Stored items

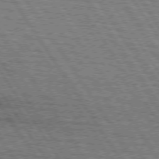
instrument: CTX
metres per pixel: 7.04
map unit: lApd
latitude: 74.1389
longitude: -78.1011
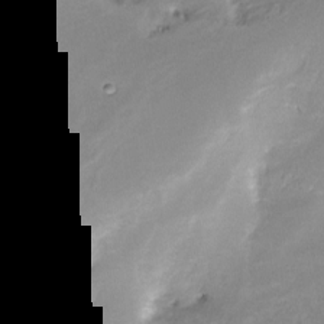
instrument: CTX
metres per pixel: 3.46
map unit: Nve
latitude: -24.4629
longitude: -109.0269
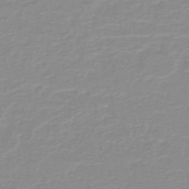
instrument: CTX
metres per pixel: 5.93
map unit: lHb
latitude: -44.2551
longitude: 56.0094
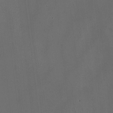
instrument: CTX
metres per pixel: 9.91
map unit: HNhu
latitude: -0.6897
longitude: -0.1766
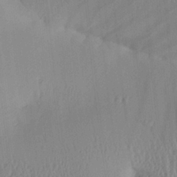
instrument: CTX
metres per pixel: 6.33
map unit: Aa
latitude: 25.1592
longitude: -136.1389
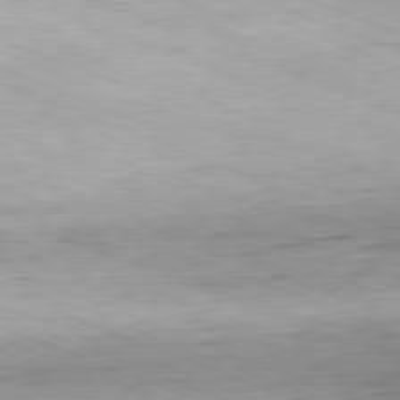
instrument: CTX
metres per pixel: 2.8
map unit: Hpe
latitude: -82.1417
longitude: 12.9542
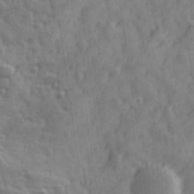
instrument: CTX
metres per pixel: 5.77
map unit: Ave
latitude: 19.3292
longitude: -131.9528
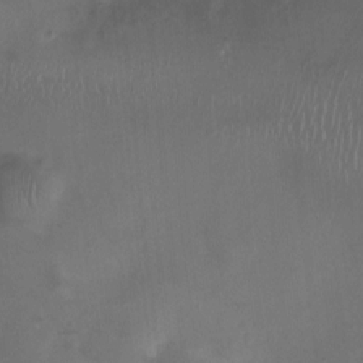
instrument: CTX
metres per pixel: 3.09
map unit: Nhu
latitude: -12.1417
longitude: -41.2159
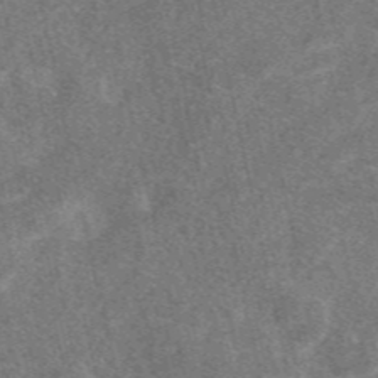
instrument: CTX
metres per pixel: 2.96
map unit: eAb
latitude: 47.3671
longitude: 119.5021
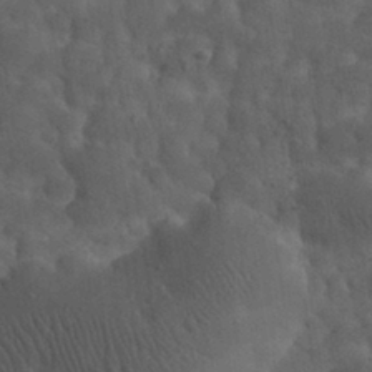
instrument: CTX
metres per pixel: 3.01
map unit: eHh
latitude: 30.4790
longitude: -68.4979
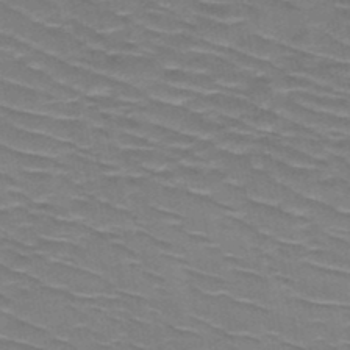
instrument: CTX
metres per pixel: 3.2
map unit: HNb
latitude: -48.1606
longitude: -48.0822
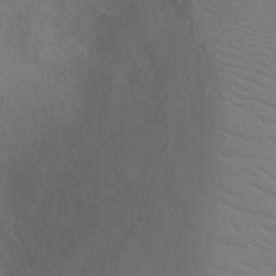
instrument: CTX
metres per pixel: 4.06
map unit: Ht
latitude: -5.3320
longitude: -28.1011
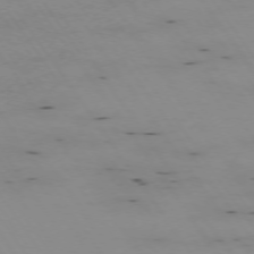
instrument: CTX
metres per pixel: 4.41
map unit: Hpe
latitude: -74.1606
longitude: 2.4817
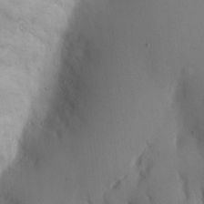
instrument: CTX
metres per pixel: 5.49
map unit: eHh
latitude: 11.7450
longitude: -61.2726
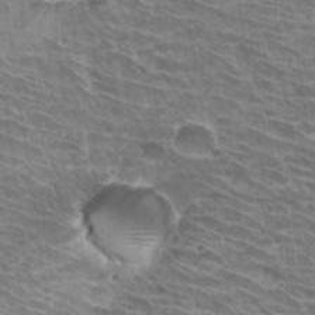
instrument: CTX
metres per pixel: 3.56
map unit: Hto
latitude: 32.8569
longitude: -42.0633
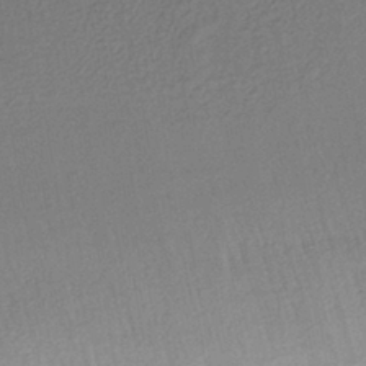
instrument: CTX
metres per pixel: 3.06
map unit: HNhu
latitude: -41.2754
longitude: 92.3684
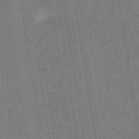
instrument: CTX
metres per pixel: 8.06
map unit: eHb
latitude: -34.8219
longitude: 73.9367
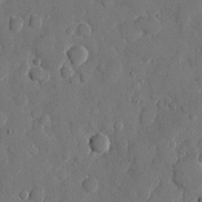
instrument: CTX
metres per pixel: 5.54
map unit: eHh
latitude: 11.8206
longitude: -67.6316
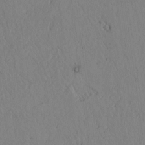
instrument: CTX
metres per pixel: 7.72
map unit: lAvf
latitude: 5.7072
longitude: 159.6343
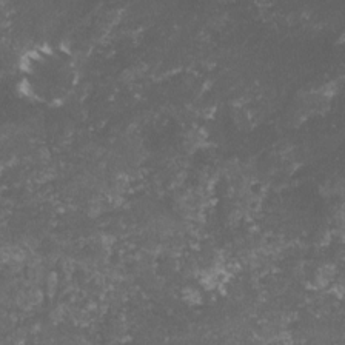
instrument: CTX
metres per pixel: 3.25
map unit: lHvf
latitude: -15.7289
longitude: -99.4993
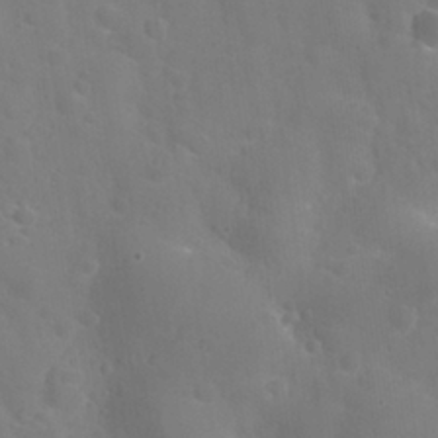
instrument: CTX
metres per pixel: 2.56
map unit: Nhu
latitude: 27.3860
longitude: -55.9906

(Exercise directions) Set down again, word for word, every line from the one with "longitude: 56.0094" to the one with "longitude: -41.2159" in the entries above, and omit the pictures.

(Problem solution)
longitude: 56.0094
instrument: CTX
metres per pixel: 9.91
map unit: HNhu
latitude: -0.6897
longitude: -0.1766
instrument: CTX
metres per pixel: 6.33
map unit: Aa
latitude: 25.1592
longitude: -136.1389
instrument: CTX
metres per pixel: 2.8
map unit: Hpe
latitude: -82.1417
longitude: 12.9542
instrument: CTX
metres per pixel: 5.77
map unit: Ave
latitude: 19.3292
longitude: -131.9528
instrument: CTX
metres per pixel: 3.09
map unit: Nhu
latitude: -12.1417
longitude: -41.2159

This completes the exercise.